At seven-fifteen precisely, Joseph is three counters away from the one she works and is striding purposefully towards her. Today is the day he will finally chat her up; he has it all planned out: first, small talk while she helps him pick out the perfect shade of lipstick for his sister (women always appreciate a sensitive and thoughtful man); next, as she is on the first shift today, he will ‘accidentally’ bump into her at whichever bus stop or train station she is boarding, followed by more small talk. Then he’ll finally ask her out for a drink – or even dinner – when she has warmed to him.
When Joseph approaches the counter, he worries, for a moment, he will be served by the other salesgirl at the counter. “Let me do it,” the shorter sales assistant offers her partner. “You’re off duty now anyway.”
Fortunately for Joseph, his tall and elegant goddess smiles and waves her companion away. “It’s okay; I’ll leave after serving him.” She turns to Joseph and gives him a familiar warm smile. “Are you looking for anything in particular, sir?”
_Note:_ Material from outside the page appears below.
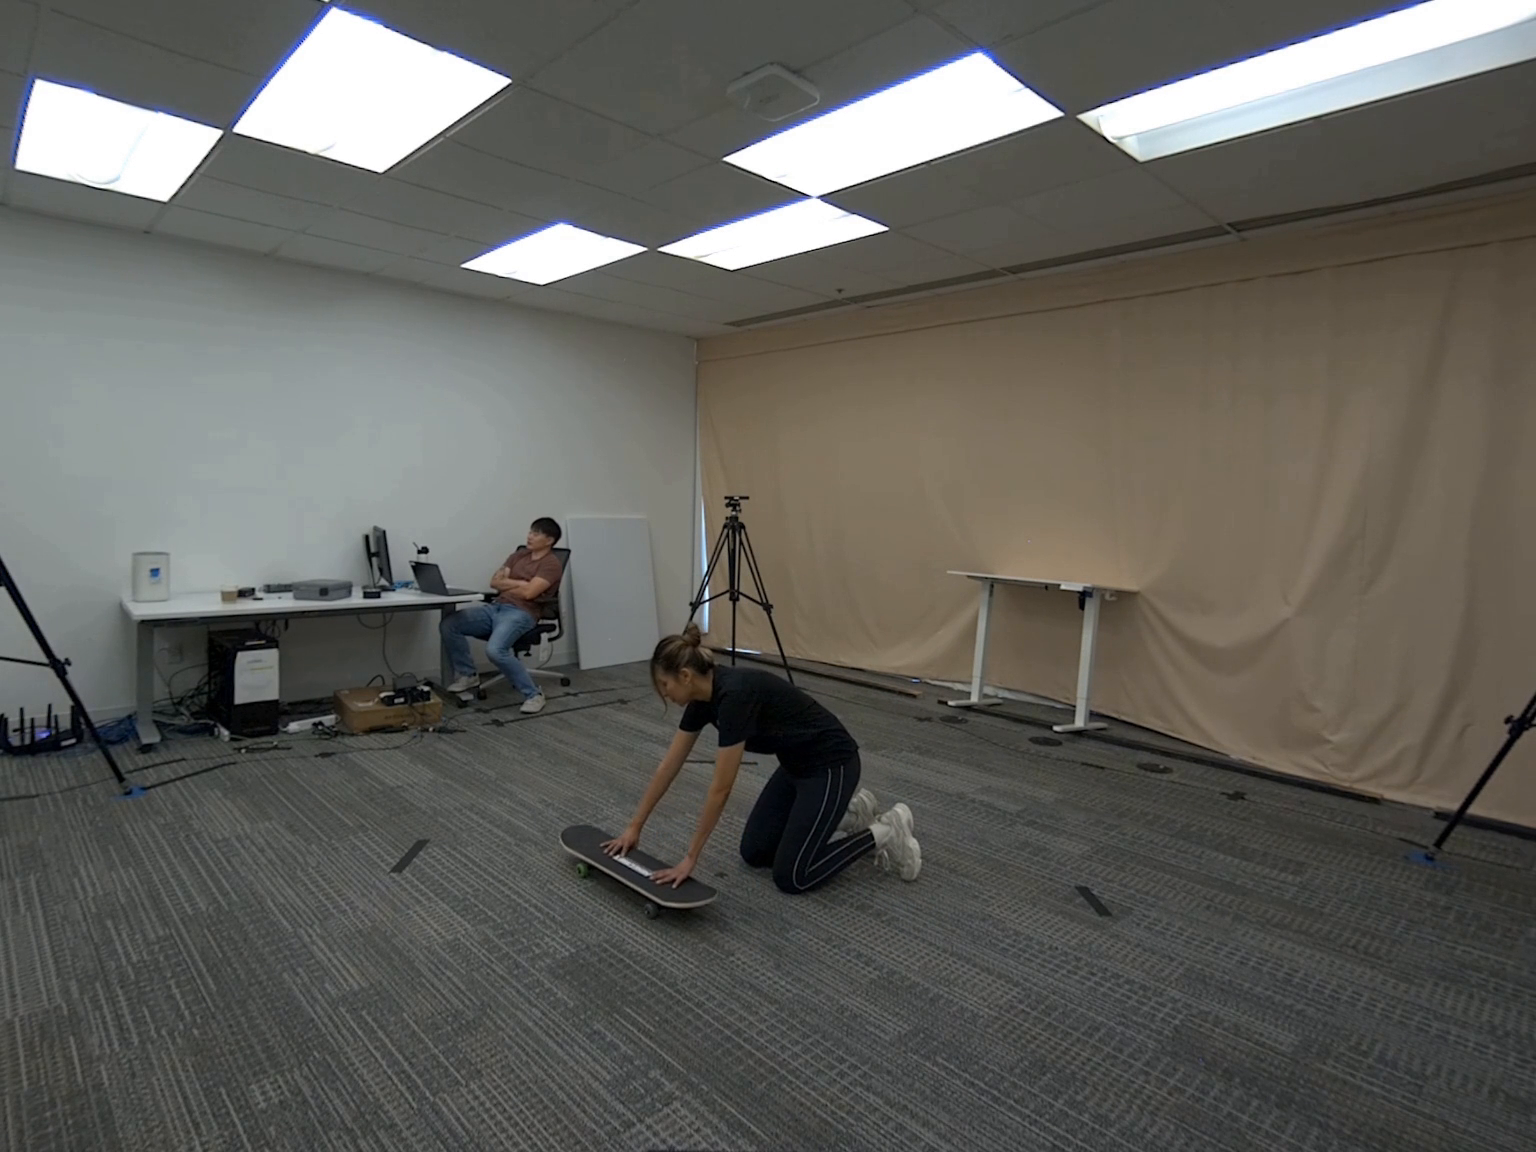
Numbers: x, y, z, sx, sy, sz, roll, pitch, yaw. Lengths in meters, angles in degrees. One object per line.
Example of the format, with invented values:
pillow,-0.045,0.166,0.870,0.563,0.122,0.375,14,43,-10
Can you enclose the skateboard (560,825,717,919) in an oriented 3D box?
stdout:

Joseph feels a fuzzy fizz of exhilaration bubble in his gut. He knows by the quick look that passes between them that she recognizes him.
For the next fifteen or so minutes, she seems to devote her entire attention to helping Joseph pick out the right shade of lipstick. Ten minutes later he walks away with not only a lipstick, but complementing lip-liner, blusher, eye-shadow and nail polish as well.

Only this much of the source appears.